British Columbia is moving towards expanded supermarket wine sales after some preliminary trials. The process is a bit awkward because there are many stakeholders with vested interests in the old control system of wine sales. Moving to supermarket sales may increase total wine sales, but the “trade creation” will be accompanied by a certain amount of  “trade diversion” from other retailers, who are understandably unhappy. There is lots of push back as you would expect.

The political economy of B.C. supermarket wine sales is both domestic (more supermarket sales at the expense of existing wine sales license holders) and also international. Incredibly, the B.C. regulations exclude non-B.C. wines from regular supermarket shelves (imported wine may theoretically be sold in a separate and costly and somewhat inconvenient “store within a store”). This has produced an international dust up as the United States has brought charges at the World Trade Organization over the discriminatory practice, an action that the European Union and New Zealand have also supported. The list of wine exporting countries lined up against the B.C. supermarket regime continues to grow. Argentina recently joined the US in this action and Australia quickly followed suit..

The Weak and the Strong

What is the problem? Can’t British Columbia to what it wants regarding wine retail regulations? Maybe not, because Canada (along with most of the world’s nations) is a member of the World Trade Organization (WTO) and is bound by its rules.

The World Trade Organization is actually a fairly weak international institution. It has spent the last couple of decades trying and failing to reach a global agreement on trade liberalization. But the WTO (through its predecessor, the General Agreement on Tariffs and Trade or GATT) was founded on two very strong principles: Most-favored-nation (MFN) treatment and non-discrimination.

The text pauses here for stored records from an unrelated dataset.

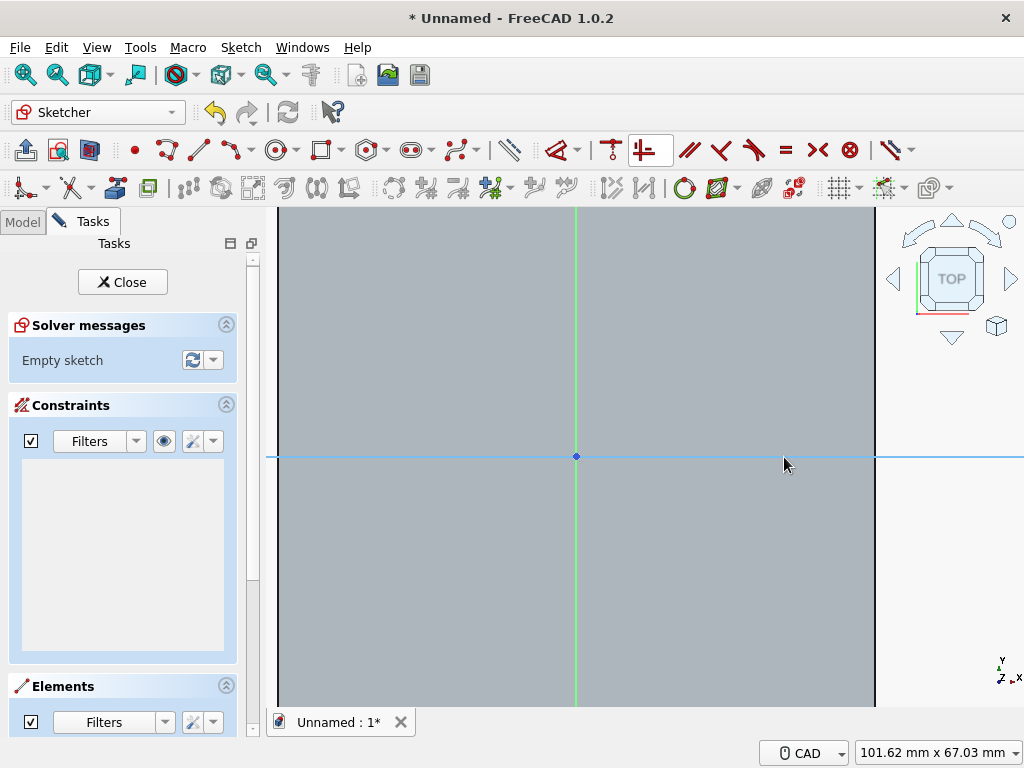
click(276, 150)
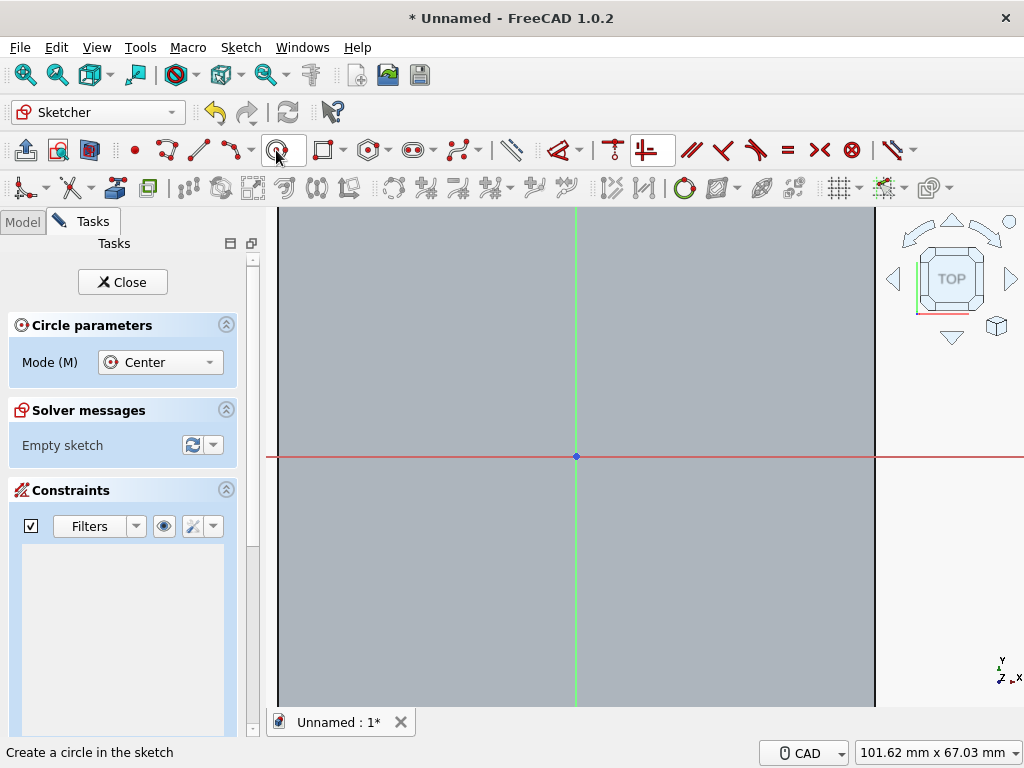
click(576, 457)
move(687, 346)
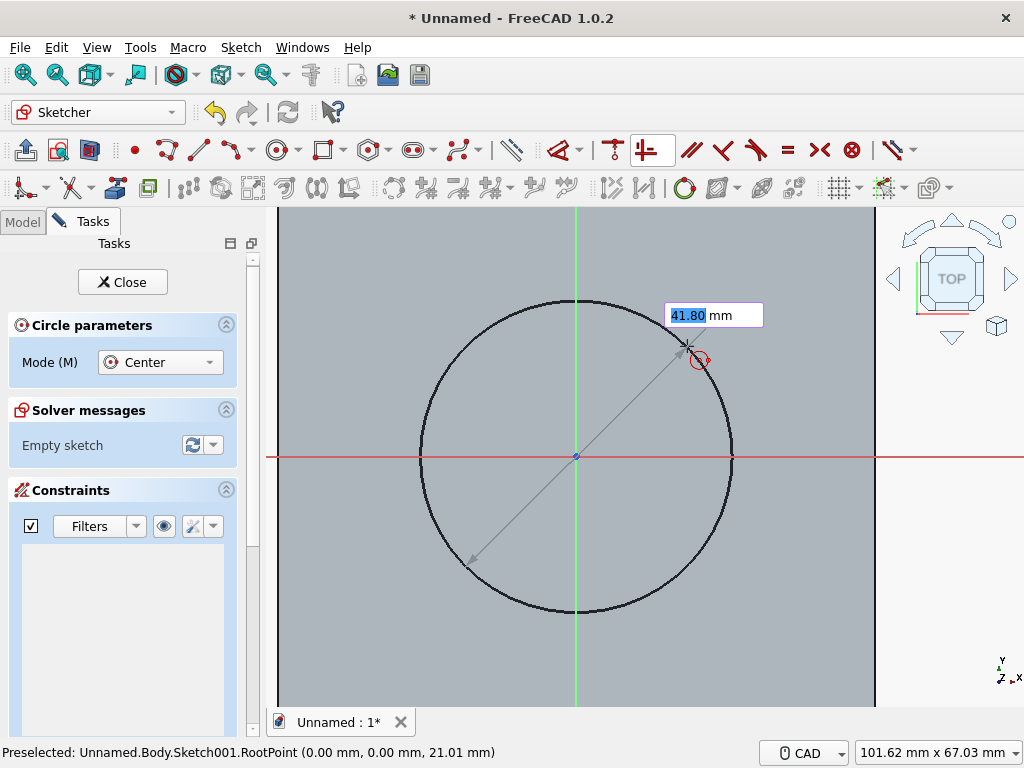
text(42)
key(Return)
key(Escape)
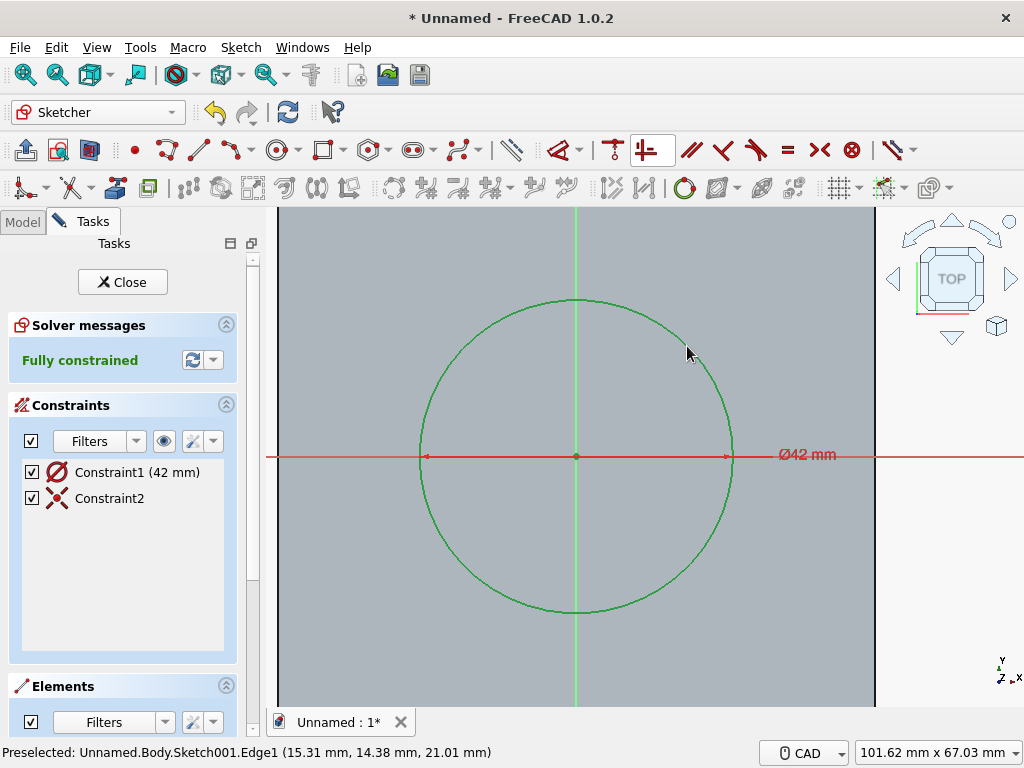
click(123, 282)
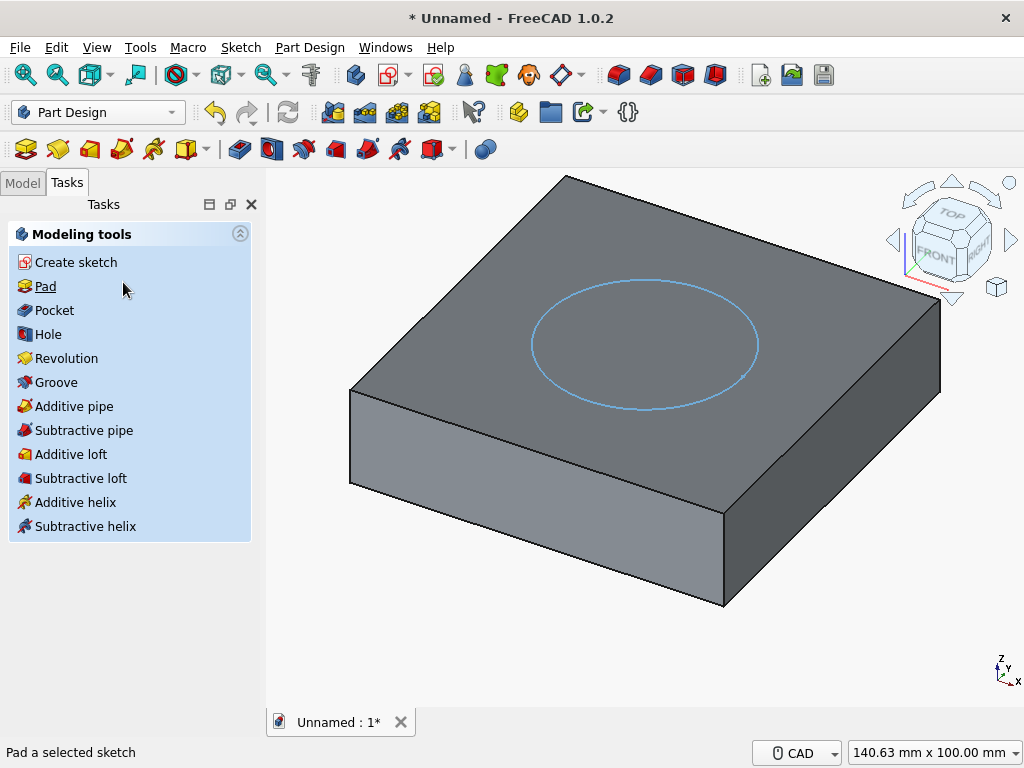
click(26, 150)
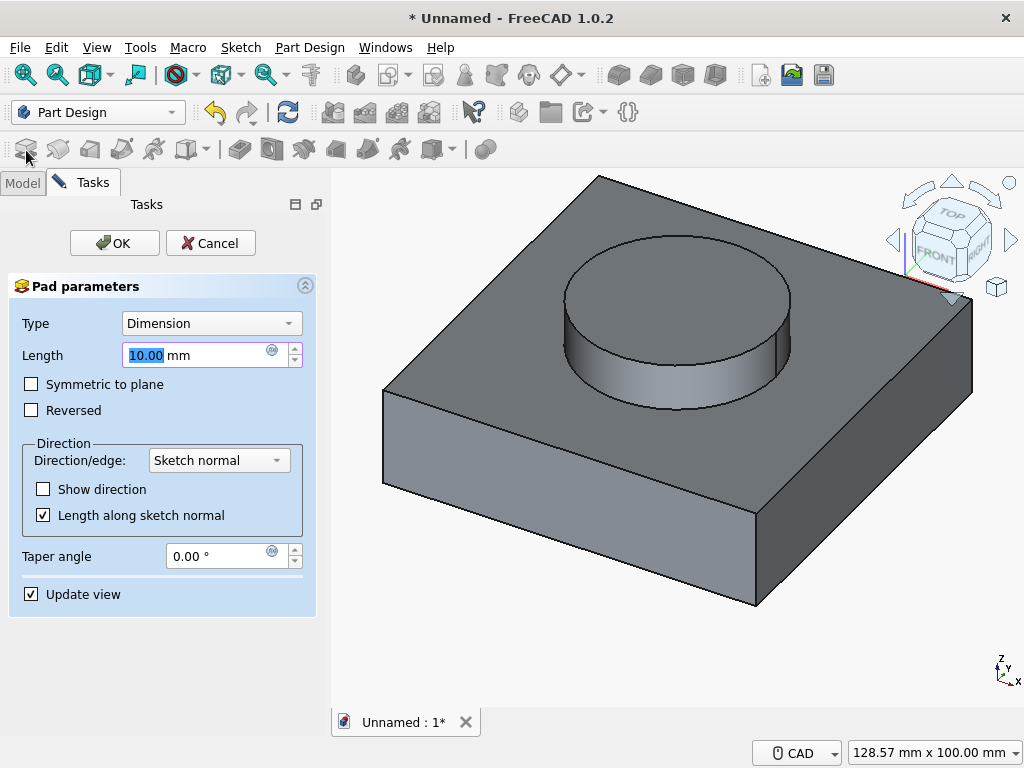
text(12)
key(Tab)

Most-favored nation treatment prohibits a country from discriminating at the border against the goods of one WTO-member trading partner relative to others in terms of tariffs and so forth. Every country gets the deal that the most-favored country gets. You cannot single out one country for better treatment or — the real fear — impose sanctions against another except in well-defined circumstances. This was one reason why China worked so hard to get into the WTO — to limit the threat of a trade war against its products.

The MFN rule has been diluted somewhat in recent years as bi-lateral and multi-lateral preferential trade agreements like NAFTA have become more important. (The rise of preferential agreements is often seen as a reaction to the inability of the WTO to produce agreements on broader, global trade regimes) These agreements allow a certain amount of systematic positive discrimination in favor of fellow trade block members. The MFN rule still controls negative “trade war” discrimination.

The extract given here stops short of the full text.